▶ What the task requires:
What you give must be exactly the lines of the material from the first through the line that contains "What was the", inclusive, and no others.

▶ Provided data:
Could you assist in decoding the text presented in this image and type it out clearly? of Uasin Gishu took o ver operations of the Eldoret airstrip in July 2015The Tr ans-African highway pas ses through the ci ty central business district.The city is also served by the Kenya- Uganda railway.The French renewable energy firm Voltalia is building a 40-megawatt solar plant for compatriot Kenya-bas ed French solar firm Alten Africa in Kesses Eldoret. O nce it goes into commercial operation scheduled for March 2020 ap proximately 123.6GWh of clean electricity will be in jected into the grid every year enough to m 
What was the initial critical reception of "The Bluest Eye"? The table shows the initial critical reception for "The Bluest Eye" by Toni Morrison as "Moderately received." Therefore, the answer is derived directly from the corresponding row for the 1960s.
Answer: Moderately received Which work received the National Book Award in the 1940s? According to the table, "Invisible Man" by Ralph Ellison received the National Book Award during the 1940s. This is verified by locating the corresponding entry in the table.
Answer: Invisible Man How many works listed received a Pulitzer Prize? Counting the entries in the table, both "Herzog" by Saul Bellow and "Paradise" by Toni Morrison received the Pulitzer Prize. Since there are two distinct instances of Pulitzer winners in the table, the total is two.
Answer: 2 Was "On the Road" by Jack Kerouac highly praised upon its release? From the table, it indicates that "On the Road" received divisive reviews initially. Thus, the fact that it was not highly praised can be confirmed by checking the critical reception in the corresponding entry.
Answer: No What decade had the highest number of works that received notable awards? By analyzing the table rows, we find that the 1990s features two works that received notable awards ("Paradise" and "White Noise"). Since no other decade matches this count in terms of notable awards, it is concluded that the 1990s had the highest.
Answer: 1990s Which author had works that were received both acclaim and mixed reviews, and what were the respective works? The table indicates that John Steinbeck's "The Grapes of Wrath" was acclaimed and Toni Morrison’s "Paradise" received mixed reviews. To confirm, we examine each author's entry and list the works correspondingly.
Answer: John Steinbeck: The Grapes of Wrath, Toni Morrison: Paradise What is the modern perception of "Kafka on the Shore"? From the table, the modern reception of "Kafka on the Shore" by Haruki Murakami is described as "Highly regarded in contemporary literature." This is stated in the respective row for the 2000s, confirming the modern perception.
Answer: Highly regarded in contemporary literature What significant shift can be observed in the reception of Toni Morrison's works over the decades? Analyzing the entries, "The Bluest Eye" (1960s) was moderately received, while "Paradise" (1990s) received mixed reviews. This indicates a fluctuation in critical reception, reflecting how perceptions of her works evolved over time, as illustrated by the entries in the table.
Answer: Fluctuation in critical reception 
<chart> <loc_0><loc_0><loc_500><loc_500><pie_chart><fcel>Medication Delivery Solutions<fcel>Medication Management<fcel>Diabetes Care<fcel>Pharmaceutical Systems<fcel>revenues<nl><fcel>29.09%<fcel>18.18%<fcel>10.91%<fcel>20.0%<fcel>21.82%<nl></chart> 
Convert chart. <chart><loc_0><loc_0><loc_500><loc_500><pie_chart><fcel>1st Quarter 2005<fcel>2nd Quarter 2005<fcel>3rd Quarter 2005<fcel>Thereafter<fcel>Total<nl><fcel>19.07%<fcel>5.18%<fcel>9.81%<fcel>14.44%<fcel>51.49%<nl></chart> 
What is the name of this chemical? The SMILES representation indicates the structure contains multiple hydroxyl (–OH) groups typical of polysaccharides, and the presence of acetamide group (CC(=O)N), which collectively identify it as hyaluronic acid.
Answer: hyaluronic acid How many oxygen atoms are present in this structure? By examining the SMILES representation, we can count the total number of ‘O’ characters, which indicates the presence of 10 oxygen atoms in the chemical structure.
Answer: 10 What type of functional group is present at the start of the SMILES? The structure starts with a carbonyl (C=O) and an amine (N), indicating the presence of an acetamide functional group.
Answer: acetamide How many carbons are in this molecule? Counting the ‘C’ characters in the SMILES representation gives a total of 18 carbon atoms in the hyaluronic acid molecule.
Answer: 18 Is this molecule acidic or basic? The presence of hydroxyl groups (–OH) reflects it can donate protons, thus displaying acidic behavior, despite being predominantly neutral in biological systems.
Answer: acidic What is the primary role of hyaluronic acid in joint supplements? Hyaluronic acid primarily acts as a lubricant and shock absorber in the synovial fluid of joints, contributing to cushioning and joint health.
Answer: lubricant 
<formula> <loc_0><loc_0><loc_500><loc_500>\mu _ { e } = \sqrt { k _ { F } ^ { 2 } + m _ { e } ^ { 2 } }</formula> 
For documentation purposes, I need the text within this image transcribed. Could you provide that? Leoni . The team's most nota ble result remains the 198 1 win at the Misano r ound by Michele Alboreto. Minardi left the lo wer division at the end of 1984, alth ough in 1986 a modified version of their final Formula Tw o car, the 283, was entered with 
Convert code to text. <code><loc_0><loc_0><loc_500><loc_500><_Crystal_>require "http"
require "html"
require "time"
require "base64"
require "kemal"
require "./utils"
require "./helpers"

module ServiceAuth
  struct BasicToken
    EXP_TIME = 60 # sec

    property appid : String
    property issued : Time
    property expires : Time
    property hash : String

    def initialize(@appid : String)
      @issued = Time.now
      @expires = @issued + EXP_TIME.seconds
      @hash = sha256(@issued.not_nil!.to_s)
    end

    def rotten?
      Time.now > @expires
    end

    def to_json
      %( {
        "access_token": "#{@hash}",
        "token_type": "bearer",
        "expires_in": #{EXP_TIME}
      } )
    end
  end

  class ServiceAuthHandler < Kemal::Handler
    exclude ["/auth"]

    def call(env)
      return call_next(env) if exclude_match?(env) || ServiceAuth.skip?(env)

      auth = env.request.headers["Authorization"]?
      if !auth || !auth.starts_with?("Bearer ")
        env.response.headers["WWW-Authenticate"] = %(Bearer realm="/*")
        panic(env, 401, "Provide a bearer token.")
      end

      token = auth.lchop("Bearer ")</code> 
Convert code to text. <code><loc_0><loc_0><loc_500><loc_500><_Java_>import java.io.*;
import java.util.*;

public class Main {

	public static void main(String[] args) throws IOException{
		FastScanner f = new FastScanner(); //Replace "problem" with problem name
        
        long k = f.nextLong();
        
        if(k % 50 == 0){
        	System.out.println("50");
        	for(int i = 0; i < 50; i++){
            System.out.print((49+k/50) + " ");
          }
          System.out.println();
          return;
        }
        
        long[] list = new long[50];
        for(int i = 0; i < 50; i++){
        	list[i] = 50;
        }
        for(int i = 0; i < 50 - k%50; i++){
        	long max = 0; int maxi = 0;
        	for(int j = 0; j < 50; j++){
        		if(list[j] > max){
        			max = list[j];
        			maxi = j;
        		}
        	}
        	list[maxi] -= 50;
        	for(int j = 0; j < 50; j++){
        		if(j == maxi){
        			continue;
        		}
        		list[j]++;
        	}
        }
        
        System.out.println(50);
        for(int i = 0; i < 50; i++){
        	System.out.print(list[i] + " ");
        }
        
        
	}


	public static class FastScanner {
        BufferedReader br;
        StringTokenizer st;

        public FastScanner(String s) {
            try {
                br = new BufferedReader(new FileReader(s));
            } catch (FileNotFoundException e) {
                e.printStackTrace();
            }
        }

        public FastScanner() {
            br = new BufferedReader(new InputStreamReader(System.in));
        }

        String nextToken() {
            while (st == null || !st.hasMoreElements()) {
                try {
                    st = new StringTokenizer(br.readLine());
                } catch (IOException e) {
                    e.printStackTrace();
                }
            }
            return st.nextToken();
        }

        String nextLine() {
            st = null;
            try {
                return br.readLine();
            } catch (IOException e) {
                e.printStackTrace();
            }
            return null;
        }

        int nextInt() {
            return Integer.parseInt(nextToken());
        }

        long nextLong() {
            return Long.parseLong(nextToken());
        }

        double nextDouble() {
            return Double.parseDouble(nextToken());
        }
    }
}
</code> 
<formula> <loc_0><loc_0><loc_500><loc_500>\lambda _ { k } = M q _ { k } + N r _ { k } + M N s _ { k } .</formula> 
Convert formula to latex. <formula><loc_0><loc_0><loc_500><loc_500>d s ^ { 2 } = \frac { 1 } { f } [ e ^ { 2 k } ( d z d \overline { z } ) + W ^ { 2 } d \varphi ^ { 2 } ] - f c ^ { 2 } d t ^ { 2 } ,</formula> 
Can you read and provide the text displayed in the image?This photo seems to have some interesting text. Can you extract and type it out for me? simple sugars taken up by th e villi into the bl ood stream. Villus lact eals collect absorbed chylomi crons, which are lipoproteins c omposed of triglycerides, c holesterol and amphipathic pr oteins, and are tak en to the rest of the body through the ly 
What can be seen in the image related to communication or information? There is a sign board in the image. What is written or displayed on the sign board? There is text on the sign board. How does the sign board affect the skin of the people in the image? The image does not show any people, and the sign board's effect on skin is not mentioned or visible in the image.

▶ Answer box:
Could you assist in decoding the text presented in this image and type it out clearly? of Uasin Gishu took o ver operations of the Eldoret airstrip in July 2015The Tr ans-African highway pas ses through the ci ty central business district.The city is also served by the Kenya- Uganda railway.The French renewable energy firm Voltalia is building a 40-megawatt solar plant for compatriot Kenya-bas ed French solar firm Alten Africa in Kesses Eldoret. O nce it goes into commercial operation scheduled for March 2020 ap proximately 123.6GWh of clean electricity will be in jected into the grid every year enough to m 
What was the initial critical reception of "The Bluest Eye"? The table shows the initial critical reception for "The Bluest Eye" by Toni Morrison as "Moderately received." Therefore, the answer is derived directly from the corresponding row for the 1960s.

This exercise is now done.